I want to mention some pre-Columbian sites in the northern Virgin Islands. Krum Bay on the south side of St. Thomas, known as “Sub Base,” has three pre-ceramic archeological sites. The three sites are Krum Bay 1 (VAm3-5), Cancel Hill ( VAm3-8), and Grambokola Hill (VAm3-7). These sites represent the earliest known human occupation in the northern Virgin Islands. However, the sites have been heavily impacted by industrial, military, and road construction since the 1940s.
The Tutu pre-Columbian site has been destroyed with a shopping mall or severely impacted. Botany Bay on the West End of St. Thomas was known historically for running slaves (Maroons) who escaped to Puerto Rico for freedom and is another pre-Columbian site. This site is gone with the wind of individual mansions built on the hilltops of Botany Bay Estate and possibly in the future a hotel development near the bay. This site also had “Native American Petroglyphs.’”

In 1976, the Magens Bay flatlands, at the foothills of the Magens Bay watershed, was listed as Magens Bay Archeological District on the National Register of Historic Places in the United States and the Virgin Islands. The area contains several artifacts exposed all over the ground, including an Indian village site dating back to about 700 A.D. However, the daily activities on the site relative to the recreation area, such as parking site and cleaning of the grounds, impact additional sites in the area.
A few years ago, probably in the 1970s or early ‘80s, a land use plan project was conducted in the watershed of Magens Bay to integrate the geological, faunal, botanical, sociological, and other disciplines into the investigation of the Magens Bay pre-Columbian site. During the investigation, about 60 acres of Peterborg, an arm of the Magens Bay watershed, was subdivided for development. From what I was told, there were no public hearings on the proposed development site. You don’t want to hear my comments. I will say this, however: we don’t care about our history.

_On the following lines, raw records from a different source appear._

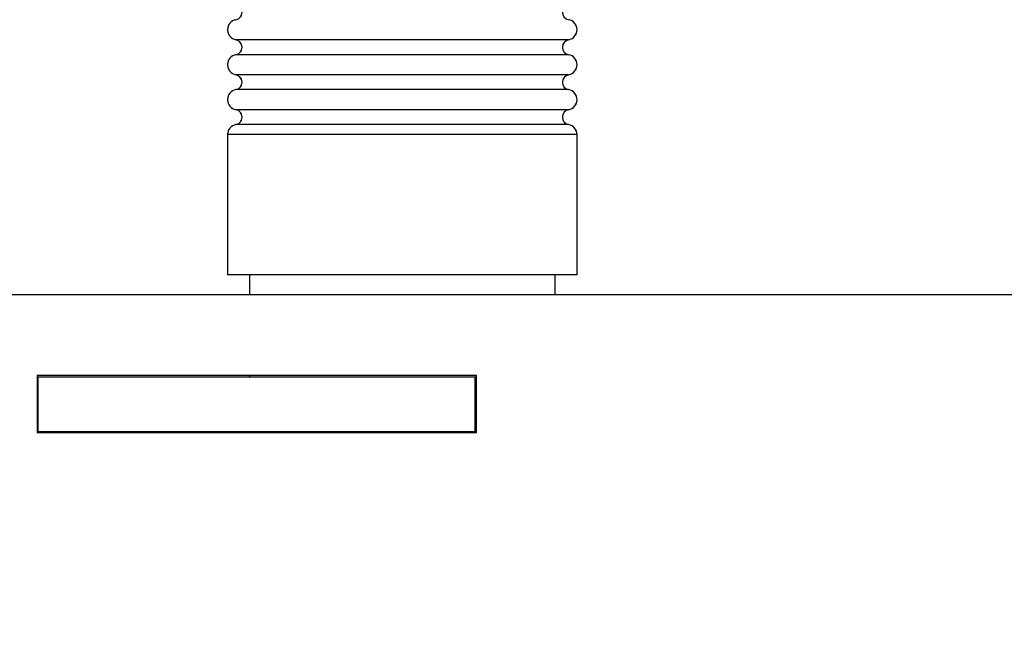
# Model space of a CAD drawing. Header units: inches. Extents: x 0.1 to 16.9, y 0.1 to 10.9.
# Tile 216 of 235: x 7.526 to 7.751, y 3.161 to 3.303. Entities that reach past the tile are written whole.
import ezdxf

# ---------------------------------------------------------------- set-up
doc = ezdxf.new("R2010")
doc.units = ezdxf.units.IN
doc.header["$MEASUREMENT"] = 0
doc.linetypes.add('PHANTOM', pattern=[0.49999999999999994, 0.25, -0.05, 0.05, -0.05, 0.05, -0.05])
doc.layers.add('FORMAT', color=7, linetype='Continuous')
doc.styles.add('SLDTEXTSTYLE0', font='TXT', dxfattribs={"width": 0.75})
doc.dimstyles.new('SLDDIMSTYLE5', dxfattribs={"dimtxt": 0.125, "dimasz": 0.13, "dimexe": 0, "dimexo": 0.0625, "dimgap": 0.03125, "dimtad": 0, "dimtih": 1, "dimtoh": 1, "dimlfac": 15, "dimrnd": 1e-09, "dimzin": 4, "dimdsep": 46, "dimtxsty": 'SLDTEXTSTYLE0', "dimsah": 1, "dimcen": 0.09, "dimadec": 0, "dimazin": 1, "dimtfac": 1, "dimtmove": 0, "dimatfit": 0, "dimfxl": 0, "dimfrac": 2, "dimtolj": 1, "dimtzin": 12, "dimarcsym": 0})
doc.dimstyles.new('SLDDIMSTYLE6', dxfattribs={"dimtxt": 0.125, "dimasz": 0.13, "dimexe": 0, "dimexo": 0.0625, "dimgap": 0.03125, "dimtad": 0, "dimtih": 1, "dimtoh": 1, "dimdec": 0, "dimlfac": 15, "dimrnd": 1e-09, "dimzin": 12, "dimdsep": 46, "dimtxsty": 'SLDTEXTSTYLE0', "dimsah": 1, "dimcen": 0.09, "dimadec": 0, "dimazin": 3, "dimtfac": 1, "dimtdec": 3, "dimtofl": 0, "dimtmove": 0, "dimatfit": 3, "dimfxl": 0, "dimfrac": 2, "dimtolj": 1, "dimtzin": 12, "dimarcsym": 0})

# ---------------------------------------------------------------- blocks, each defined once
blk = doc.blocks.new('_D_21')
at = {"layer": 'FORMAT'}
for p, q in [((7.424901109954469, 4.15645176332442), (7.38681517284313, 4.15645176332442)), ((7.38681517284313, 4.15645176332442), (7.38681517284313, 3.958014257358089)), ((7.748165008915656, 4.15645176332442), (7.786250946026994, 4.15645176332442)), ((7.786250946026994, 4.15645176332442), (7.786250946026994, 3.958014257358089)), ((6.396999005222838, 3.976417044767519), (6.146999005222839, 3.976417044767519)), ((6.596999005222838, 3.976417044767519), (7.305282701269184, 3.976417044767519)), ((7.38681517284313, 3.958014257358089), (7.424901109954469, 3.958014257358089)), ((7.786250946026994, 3.958014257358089), (7.748165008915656, 3.958014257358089))]:
    blk.add_line(p, q, dxfattribs=at)
for points in [[(6.396999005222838, 3.976417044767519), (6.266999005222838, 3.996417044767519), (6.266999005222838, 3.956417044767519)], [(6.596999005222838, 3.976417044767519), (6.726999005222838, 3.956417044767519), (6.726999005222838, 3.996417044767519)]]:
    blk.add_solid(points, dxfattribs=at)
at = {"layer": 'FORMAT', "char_height": 0.125, "attachment_point": 1, "style": 'SLDTEXTSTYLE0'}
for s, insert in [('76.2', (7.424901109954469, 4.119147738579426)), ('%%c', (7.33064329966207, 3.93212516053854)), ('3.00', (7.519158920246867, 3.93212516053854))]:
    blk.add_mtext(s, dxfattribs=dict(at, insert=insert))
blk = doc.blocks.new('_D_22')
at = {"layer": 'FORMAT'}
for p, q in [((9.091028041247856, 9.137113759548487), (4.715359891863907, 9.137113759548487)), ((4.840359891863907, 9.137113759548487), (4.840359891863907, 7.143798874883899)), ((4.655637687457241, 7.118408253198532), (4.617551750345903, 7.118408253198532)), ((4.617551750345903, 7.118408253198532), (4.617551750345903, 6.919970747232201)), ((5.025082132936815, 7.118408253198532), (5.063168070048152, 7.118408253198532)), ((5.063168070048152, 7.118408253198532), (5.063168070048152, 6.919970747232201)), ((4.617551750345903, 6.919970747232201), (4.655637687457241, 6.919970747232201)), ((5.063168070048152, 6.919970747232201), (5.025082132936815, 6.919970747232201)), ((4.840359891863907, 2.973790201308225), (4.840359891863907, 6.73294819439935)), ((7.471999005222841, 2.973790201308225), (4.715359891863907, 2.973790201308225))]:
    blk.add_line(p, q, dxfattribs=at)
for points in [[(4.840359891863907, 9.137113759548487), (4.820359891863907, 9.007113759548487), (4.860359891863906, 9.007113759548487)], [(4.840359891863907, 2.973790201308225), (4.860359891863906, 3.103790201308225), (4.820359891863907, 3.103790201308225)]]:
    blk.add_solid(points, dxfattribs=at)
at = {"layer": 'FORMAT', "char_height": 0.125, "attachment_point": 1, "style": 'SLDTEXTSTYLE0'}
for s, insert in [('2348', (4.655637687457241, 7.081104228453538)), ('92', (4.747998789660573, 6.894081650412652))]:
    blk.add_mtext(s, dxfattribs=dict(at, insert=insert))

msp = doc.modelspace()

# ---------------------------------------------------------------- linework, layer by layer
at = {"color": 7, "linetype": 'Continuous', "lineweight": 25}
for p, q in [((7.613599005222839, 3.298799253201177), (7.57551157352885, 3.298799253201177)), ((7.651686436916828, 3.298799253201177), (7.613599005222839, 3.298799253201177)), ((7.613599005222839, 3.295389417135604), (7.57551157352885, 3.295389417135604)), ((7.651686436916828, 3.295389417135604), (7.613599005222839, 3.295389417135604)), ((7.613599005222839, 3.290799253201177), (7.57551157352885, 3.290799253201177)), ((7.651686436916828, 3.290799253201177), (7.613599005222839, 3.290799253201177)), ((7.613599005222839, 3.287389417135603), (7.57551157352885, 3.287389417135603)), ((7.651686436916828, 3.287389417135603), (7.613599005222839, 3.287389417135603)), ((7.613599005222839, 3.282799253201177), (7.57551157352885, 3.282799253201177)), ((7.651686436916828, 3.282799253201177), (7.613599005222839, 3.282799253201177)), ((7.613599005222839, 3.279389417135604), (7.57551157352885, 3.279389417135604)), ((7.651686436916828, 3.279389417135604), (7.613599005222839, 3.279389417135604)), ((7.57359900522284, 3.27709433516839), (7.57359900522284, 3.245052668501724)), ((7.613599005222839, 3.27709433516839), (7.57359900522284, 3.27709433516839)), ((7.65359900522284, 3.27709433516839), (7.613599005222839, 3.27709433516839)), ((7.653599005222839, 3.245052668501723), (7.65359900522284, 3.27709433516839)), ((7.613599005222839, 3.245052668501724), (7.57359900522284, 3.245052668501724)), ((7.578599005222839, 3.245052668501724), (7.578599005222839, 3.240456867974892)), ((7.653599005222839, 3.245052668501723), (7.613599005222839, 3.245052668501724)), ((7.648599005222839, 3.240456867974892), (7.648599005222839, 3.245052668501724)), ((8.34699900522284, 3.240456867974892), (7.521999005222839, 3.240456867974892)), ((7.630599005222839, 3.221969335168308), (7.530065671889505, 3.221969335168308)), ((7.530065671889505, 3.221969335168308), (7.530065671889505, 3.208969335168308)), ((7.530065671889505, 3.221719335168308), (7.530265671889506, 3.221719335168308)), ((7.530265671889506, 3.209219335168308), (7.530265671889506, 3.221719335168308)), ((7.530265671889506, 3.221719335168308), (7.630265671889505, 3.221719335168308)), ((7.578599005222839, 3.221969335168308), (7.578599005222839, 3.221719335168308)), ((7.630265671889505, 3.209219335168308), (7.630265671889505, 3.221719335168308)), ((7.630265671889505, 3.221719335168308), (7.630599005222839, 3.221719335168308)), ((7.630599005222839, 3.208969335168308), (7.630599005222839, 3.221969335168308)), ((7.530065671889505, 3.209219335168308), (7.530265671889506, 3.209219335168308)), ((7.530065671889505, 3.208969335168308), (7.630599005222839, 3.208969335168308)), ((7.530265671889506, 3.209219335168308), (7.630265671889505, 3.209219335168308)), ((7.630265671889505, 3.209219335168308), (7.630599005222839, 3.209219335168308))]:
    msp.add_line(p, q, dxfattribs=at)
at = {"color": 7, "linetype": 'PHANTOM', "lineweight": 18}
for p, q in [((7.613599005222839, 3.298799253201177), (7.57551157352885, 3.298799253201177)), ((7.613599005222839, 3.298799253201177), (7.57551157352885, 3.298799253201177)), ((7.613599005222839, 3.298799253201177), (7.57551157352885, 3.298799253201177)), ((7.651686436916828, 3.298799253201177), (7.613599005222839, 3.298799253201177)), ((7.651686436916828, 3.298799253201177), (7.613599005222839, 3.298799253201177)), ((7.651686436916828, 3.298799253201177), (7.613599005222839, 3.298799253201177)), ((7.613599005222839, 3.295389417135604), (7.57551157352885, 3.295389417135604)), ((7.613599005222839, 3.295389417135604), (7.57551157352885, 3.295389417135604)), ((7.613599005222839, 3.295389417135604), (7.57551157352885, 3.295389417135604)), ((7.651686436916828, 3.295389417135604), (7.613599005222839, 3.295389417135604)), ((7.651686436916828, 3.295389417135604), (7.613599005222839, 3.295389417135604)), ((7.651686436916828, 3.295389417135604), (7.613599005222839, 3.295389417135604)), ((7.613599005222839, 3.290799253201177), (7.57551157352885, 3.290799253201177)), ((7.613599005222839, 3.290799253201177), (7.57551157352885, 3.290799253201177)), ((7.613599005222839, 3.290799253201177), (7.57551157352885, 3.290799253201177)), ((7.651686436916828, 3.290799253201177), (7.613599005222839, 3.290799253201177)), ((7.651686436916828, 3.290799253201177), (7.613599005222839, 3.290799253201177)), ((7.651686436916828, 3.290799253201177), (7.613599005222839, 3.290799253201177)), ((7.613599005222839, 3.287389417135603), (7.57551157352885, 3.287389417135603)), ((7.613599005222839, 3.287389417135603), (7.57551157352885, 3.287389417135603)), ((7.613599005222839, 3.287389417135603), (7.57551157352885, 3.287389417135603)), ((7.651686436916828, 3.287389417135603), (7.613599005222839, 3.287389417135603)), ((7.651686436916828, 3.287389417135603), (7.613599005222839, 3.287389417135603)), ((7.651686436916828, 3.287389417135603), (7.613599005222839, 3.287389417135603)), ((7.613599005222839, 3.282799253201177), (7.57551157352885, 3.282799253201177)), ((7.613599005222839, 3.282799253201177), (7.57551157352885, 3.282799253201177)), ((7.613599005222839, 3.282799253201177), (7.57551157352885, 3.282799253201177)), ((7.651686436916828, 3.282799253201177), (7.613599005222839, 3.282799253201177)), ((7.651686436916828, 3.282799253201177), (7.613599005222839, 3.282799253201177)), ((7.651686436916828, 3.282799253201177), (7.613599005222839, 3.282799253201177)), ((7.613599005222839, 3.279389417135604), (7.57551157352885, 3.279389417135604)), ((7.613599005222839, 3.279389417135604), (7.57551157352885, 3.279389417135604)), ((7.613599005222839, 3.279389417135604), (7.57551157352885, 3.279389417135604)), ((7.651686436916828, 3.279389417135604), (7.613599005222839, 3.279389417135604)), ((7.651686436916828, 3.279389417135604), (7.613599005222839, 3.279389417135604)), ((7.651686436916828, 3.279389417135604), (7.613599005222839, 3.279389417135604)), ((7.57359900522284, 3.27709433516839), (7.57359900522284, 3.245052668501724)), ((7.613599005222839, 3.27709433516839), (7.57359900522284, 3.27709433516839)), ((7.57359900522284, 3.27709433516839), (7.57359900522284, 3.245052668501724)), ((7.613599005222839, 3.27709433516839), (7.57359900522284, 3.27709433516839)), ((7.57359900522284, 3.27709433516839), (7.57359900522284, 3.245052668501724)), ((7.613599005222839, 3.27709433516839), (7.57359900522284, 3.27709433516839)), ((7.65359900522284, 3.27709433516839), (7.613599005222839, 3.27709433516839)), ((7.65359900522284, 3.27709433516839), (7.613599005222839, 3.27709433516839)), ((7.65359900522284, 3.27709433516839), (7.613599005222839, 3.27709433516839)), ((7.653599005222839, 3.245052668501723), (7.65359900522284, 3.27709433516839)), ((7.653599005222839, 3.245052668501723), (7.65359900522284, 3.27709433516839)), ((7.653599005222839, 3.245052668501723), (7.65359900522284, 3.27709433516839)), ((7.613599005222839, 3.245052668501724), (7.57359900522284, 3.245052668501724)), ((7.613599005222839, 3.245052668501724), (7.57359900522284, 3.245052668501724)), ((7.613599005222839, 3.245052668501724), (7.57359900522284, 3.245052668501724)), ((7.578599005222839, 3.245052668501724), (7.578599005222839, 3.240456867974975)), ((7.578599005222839, 3.245052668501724), (7.578599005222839, 3.240456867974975)), ((7.578599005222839, 3.245052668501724), (7.578599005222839, 3.240456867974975)), ((7.653599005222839, 3.245052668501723), (7.613599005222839, 3.245052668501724)), ((7.653599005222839, 3.245052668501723), (7.613599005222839, 3.245052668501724)), ((7.653599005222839, 3.245052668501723), (7.613599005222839, 3.245052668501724)), ((7.648599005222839, 3.240456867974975), (7.648599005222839, 3.245052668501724)), ((7.648599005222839, 3.240456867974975), (7.648599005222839, 3.245052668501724)), ((7.648599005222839, 3.240456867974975), (7.648599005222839, 3.245052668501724)), ((8.34699900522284, 3.240456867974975), (7.521999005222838, 3.240456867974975)), ((8.34699900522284, 3.240456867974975), (7.521999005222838, 3.240456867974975)), ((8.34699900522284, 3.240456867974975), (7.521999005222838, 3.240456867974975)), ((7.630599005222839, 3.22196933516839), (7.530065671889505, 3.22196933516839)), ((7.530065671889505, 3.22196933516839), (7.530065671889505, 3.20896933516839)), ((7.630599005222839, 3.22196933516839), (7.530065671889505, 3.22196933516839)), ((7.530065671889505, 3.22196933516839), (7.530065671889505, 3.20896933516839)), ((7.630599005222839, 3.22196933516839), (7.530065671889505, 3.22196933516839)), ((7.530065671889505, 3.22196933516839), (7.530065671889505, 3.20896933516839)), ((7.530065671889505, 3.221719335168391), (7.530265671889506, 3.221719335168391)), ((7.530065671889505, 3.221719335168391), (7.530265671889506, 3.221719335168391)), ((7.530065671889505, 3.221719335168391), (7.530265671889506, 3.221719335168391)), ((7.530265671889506, 3.209219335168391), (7.530265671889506, 3.221719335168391)), ((7.530265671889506, 3.221719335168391), (7.630265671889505, 3.221719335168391)), ((7.530265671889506, 3.20921933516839), (7.530265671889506, 3.22171933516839)), ((7.530265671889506, 3.22171933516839), (7.630265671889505, 3.22171933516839)), ((7.530265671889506, 3.20921933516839), (7.530265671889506, 3.22171933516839)), ((7.530265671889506, 3.22171933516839), (7.630265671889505, 3.22171933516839)), ((7.578599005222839, 3.22196933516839), (7.578599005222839, 3.221719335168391)), ((7.578599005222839, 3.22196933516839), (7.578599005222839, 3.22171933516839)), ((7.578599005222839, 3.22196933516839), (7.578599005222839, 3.22171933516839)), ((7.630265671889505, 3.209219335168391), (7.630265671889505, 3.221719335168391)), ((7.630265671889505, 3.221719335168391), (7.630599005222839, 3.221719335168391)), ((7.630265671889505, 3.20921933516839), (7.630265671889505, 3.22171933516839)), ((7.630265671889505, 3.22171933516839), (7.630599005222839, 3.22171933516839)), ((7.630265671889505, 3.20921933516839), (7.630265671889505, 3.22171933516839)), ((7.630265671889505, 3.22171933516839), (7.630599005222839, 3.22171933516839)), ((7.630599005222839, 3.20896933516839), (7.630599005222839, 3.22196933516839)), ((7.630599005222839, 3.20896933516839), (7.630599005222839, 3.22196933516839)), ((7.630599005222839, 3.20896933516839), (7.630599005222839, 3.22196933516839)), ((7.530065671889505, 3.209219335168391), (7.530265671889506, 3.209219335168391)), ((7.530065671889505, 3.209219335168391), (7.530265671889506, 3.209219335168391)), ((7.530065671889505, 3.209219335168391), (7.530265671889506, 3.209219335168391)), ((7.530065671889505, 3.20896933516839), (7.630599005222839, 3.20896933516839)), ((7.530065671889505, 3.20896933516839), (7.630599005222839, 3.20896933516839)), ((7.530065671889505, 3.20896933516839), (7.630599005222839, 3.20896933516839)), ((7.530265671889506, 3.209219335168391), (7.630265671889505, 3.209219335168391)), ((7.530265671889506, 3.20921933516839), (7.630265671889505, 3.20921933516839)), ((7.530265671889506, 3.20921933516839), (7.630265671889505, 3.20921933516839)), ((7.630265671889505, 3.209219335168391), (7.630599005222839, 3.209219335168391)), ((7.630265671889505, 3.20921933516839), (7.630599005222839, 3.20921933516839)), ((7.630265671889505, 3.20921933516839), (7.630599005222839, 3.20921933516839))]:
    msp.add_line(p, q, dxfattribs=at)
at = {"color": 7, "linetype": 'Continuous', "lineweight": 25}
for centre, radius, start, end in [((7.575199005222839, 3.305094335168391), 0.001733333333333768, 280.3888578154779, 79.61114218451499), ((7.651999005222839, 3.305094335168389), 0.001733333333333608, 100.3888578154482, 259.6111421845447), ((7.575932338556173, 3.30109433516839), 0.002333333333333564, 100.3888578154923, 259.6111421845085), ((7.651265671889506, 3.30109433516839), 0.002333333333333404, 280.3888578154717, 79.61114218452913), ((7.575199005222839, 3.29709433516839), 0.001733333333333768, 280.3888578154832, 79.61114218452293), ((7.651999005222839, 3.29709433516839), 0.001733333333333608, 100.3888578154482, 259.6111421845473), ((7.575932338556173, 3.29309433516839), 0.002333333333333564, 100.3888578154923, 259.6111421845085), ((7.651265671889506, 3.29309433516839), 0.002333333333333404, 280.3888578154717, 79.61114218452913), ((7.575199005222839, 3.28909433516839), 0.001733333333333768, 280.3888578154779, 79.61114218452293), ((7.651999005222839, 3.28909433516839), 0.001733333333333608, 100.3888578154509, 259.6111421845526), ((7.575932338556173, 3.28509433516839), 0.002333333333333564, 100.3888578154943, 259.6111421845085), ((7.651265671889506, 3.28509433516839), 0.002333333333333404, 280.3888578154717, 79.61114218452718), ((7.575199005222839, 3.28109433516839), 0.001733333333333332, 280.3888578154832, 79.61114218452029), ((7.651999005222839, 3.28109433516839), 0.001733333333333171, 100.3888578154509, 259.6111421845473), ((7.575932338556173, 3.27709433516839), 0.002333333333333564, 100.3888578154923, 180), ((7.651265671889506, 3.27709433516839), 0.00233333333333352, 0, 79.61114218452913)]:
    msp.add_arc(centre, radius, start, end, dxfattribs=at)
at = {"color": 7, "linetype": 'PHANTOM', "lineweight": 18}
for centre, radius, start, end in [((7.575199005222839, 3.305094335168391), 0.001733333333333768, 280.3888578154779, 79.61114218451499), ((7.575199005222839, 3.305094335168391), 0.001733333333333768, 280.3888578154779, 79.61114218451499), ((7.575199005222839, 3.305094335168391), 0.001733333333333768, 280.3888578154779, 79.61114218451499), ((7.651999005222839, 3.305094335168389), 0.001733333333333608, 100.3888578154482, 259.6111421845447), ((7.651999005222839, 3.305094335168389), 0.001733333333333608, 100.3888578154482, 259.6111421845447), ((7.651999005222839, 3.305094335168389), 0.001733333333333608, 100.3888578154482, 259.6111421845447), ((7.575932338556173, 3.30109433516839), 0.002333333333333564, 100.3888578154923, 259.6111421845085), ((7.575932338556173, 3.30109433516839), 0.002333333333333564, 100.3888578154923, 259.6111421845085), ((7.575932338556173, 3.30109433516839), 0.002333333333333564, 100.3888578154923, 259.6111421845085), ((7.651265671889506, 3.30109433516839), 0.002333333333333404, 280.3888578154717, 79.61114218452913), ((7.651265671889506, 3.30109433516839), 0.002333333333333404, 280.3888578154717, 79.61114218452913), ((7.651265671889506, 3.30109433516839), 0.002333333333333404, 280.3888578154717, 79.61114218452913), ((7.575199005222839, 3.29709433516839), 0.001733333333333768, 280.3888578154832, 79.61114218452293), ((7.575199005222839, 3.29709433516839), 0.001733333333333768, 280.3888578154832, 79.61114218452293), ((7.575199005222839, 3.29709433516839), 0.001733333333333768, 280.3888578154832, 79.61114218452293), ((7.651999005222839, 3.29709433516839), 0.001733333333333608, 100.3888578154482, 259.6111421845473), ((7.651999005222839, 3.29709433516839), 0.001733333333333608, 100.3888578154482, 259.6111421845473), ((7.651999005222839, 3.29709433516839), 0.001733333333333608, 100.3888578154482, 259.6111421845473), ((7.575932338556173, 3.29309433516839), 0.002333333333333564, 100.3888578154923, 259.6111421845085), ((7.575932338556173, 3.29309433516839), 0.002333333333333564, 100.3888578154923, 259.6111421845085), ((7.575932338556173, 3.29309433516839), 0.002333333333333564, 100.3888578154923, 259.6111421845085), ((7.651265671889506, 3.29309433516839), 0.002333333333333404, 280.3888578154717, 79.61114218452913), ((7.651265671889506, 3.29309433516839), 0.002333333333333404, 280.3888578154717, 79.61114218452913), ((7.651265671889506, 3.29309433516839), 0.002333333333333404, 280.3888578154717, 79.61114218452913), ((7.575199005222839, 3.28909433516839), 0.001733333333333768, 280.3888578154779, 79.61114218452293), ((7.575199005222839, 3.28909433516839), 0.001733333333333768, 280.3888578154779, 79.61114218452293), ((7.575199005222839, 3.28909433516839), 0.001733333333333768, 280.3888578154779, 79.61114218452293), ((7.651999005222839, 3.28909433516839), 0.001733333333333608, 100.3888578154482, 259.6111421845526), ((7.651999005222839, 3.28909433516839), 0.001733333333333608, 100.3888578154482, 259.6111421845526), ((7.651999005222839, 3.28909433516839), 0.001733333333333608, 100.3888578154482, 259.6111421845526), ((7.575932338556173, 3.28509433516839), 0.002333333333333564, 100.3888578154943, 259.6111421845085), ((7.575932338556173, 3.28509433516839), 0.002333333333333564, 100.3888578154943, 259.6111421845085), ((7.575932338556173, 3.28509433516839), 0.002333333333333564, 100.3888578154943, 259.6111421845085), ((7.651265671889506, 3.28509433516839), 0.002333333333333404, 280.3888578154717, 79.61114218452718), ((7.651265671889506, 3.28509433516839), 0.002333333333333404, 280.3888578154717, 79.61114218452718), ((7.651265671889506, 3.28509433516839), 0.002333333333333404, 280.3888578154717, 79.61114218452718), ((7.575199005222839, 3.28109433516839), 0.001733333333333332, 280.3888578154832, 79.61114218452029), ((7.575199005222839, 3.28109433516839), 0.001733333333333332, 280.3888578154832, 79.61114218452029), ((7.575199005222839, 3.28109433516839), 0.001733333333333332, 280.3888578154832, 79.61114218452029), ((7.651999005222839, 3.28109433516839), 0.001733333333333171, 100.3888578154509, 259.6111421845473), ((7.651999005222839, 3.28109433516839), 0.001733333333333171, 100.3888578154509, 259.6111421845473), ((7.651999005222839, 3.28109433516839), 0.001733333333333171, 100.3888578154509, 259.6111421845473), ((7.575932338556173, 3.27709433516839), 0.002333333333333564, 100.3888578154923, 180), ((7.575932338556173, 3.27709433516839), 0.002333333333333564, 100.3888578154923, 180), ((7.575932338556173, 3.27709433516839), 0.002333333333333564, 100.3888578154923, 180), ((7.651265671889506, 3.27709433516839), 0.00233333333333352, 0, 79.61114218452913), ((7.651265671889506, 3.27709433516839), 0.00233333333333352, 0, 79.61114218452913), ((7.651265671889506, 3.27709433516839), 0.00233333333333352, 0, 79.61114218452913)]:
    msp.add_arc(centre, radius, start, end, dxfattribs=at)

# ---------------------------------------------------------------- dimensions: what is measured, and where the dimension line sits
at = {"layer": 'FORMAT'}
dim = msp.add_linear_dim(base=(4.840359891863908, 2.973790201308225), p1=(9.141028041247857, 9.137113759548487), p2=(7.52199900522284, 2.973790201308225), angle=90.0000000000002, dimstyle='SLDDIMSTYLE6', dxfattribs=at)
dim.commit()
dim.dimension.update_dxf_attribs({"geometry": '_D_22', "text_midpoint": (4.840359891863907, 6.938373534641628), "dimtype": 160})
dim = msp.add_linear_dim(base=(6.396999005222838, 3.97641704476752), p1=(6.596999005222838, 2.561290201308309), p2=(6.396999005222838, 2.561290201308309), text='%%c<>', dimstyle='SLDDIMSTYLE5', dxfattribs=at)
dim.commit()
dim.dimension.update_dxf_attribs({"geometry": '_D_21', "text_midpoint": (7.586533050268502, 3.97641704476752), "dimtype": 160})

doc.saveas('drawing.dxf')

Believe me, it is only a handful of residents of these islands that show interest in what remains of our natural, cultural, historical, and marine archeological resources of the Virgin Islands. There are pre-Columbian sites on Water Island as well as Hassel Island. Some of our surrounding cays, inlets, and small islands of the Virgin Islands once inhabited by indigenous people have pre-Columbian sites. For example, the eastern coast of Congo Cay off the northwest side of St. John is called on the Scorpion Survey map “Indian Inscription Point,” which refers to the petroglyphs carved in the rock.
On the island of St. John, there are several pre-Columbian sites, such as Cinnamon Bay and Trunk Bay, revealing the presence of the Taino people. I will say this: what makes these islands so rich in history are those pre-Columbian sites that remind us of a culture that existed for thousands of years before these islands were called by their colonial names of the United States of the Virgin Islands.
— Olasee Davis is a bush professor who lectures and writes about the culture, history, ecology and environment of the Virgin Islands when he is not leading hiking tours of the wild places and spaces of St. Croix and beyond.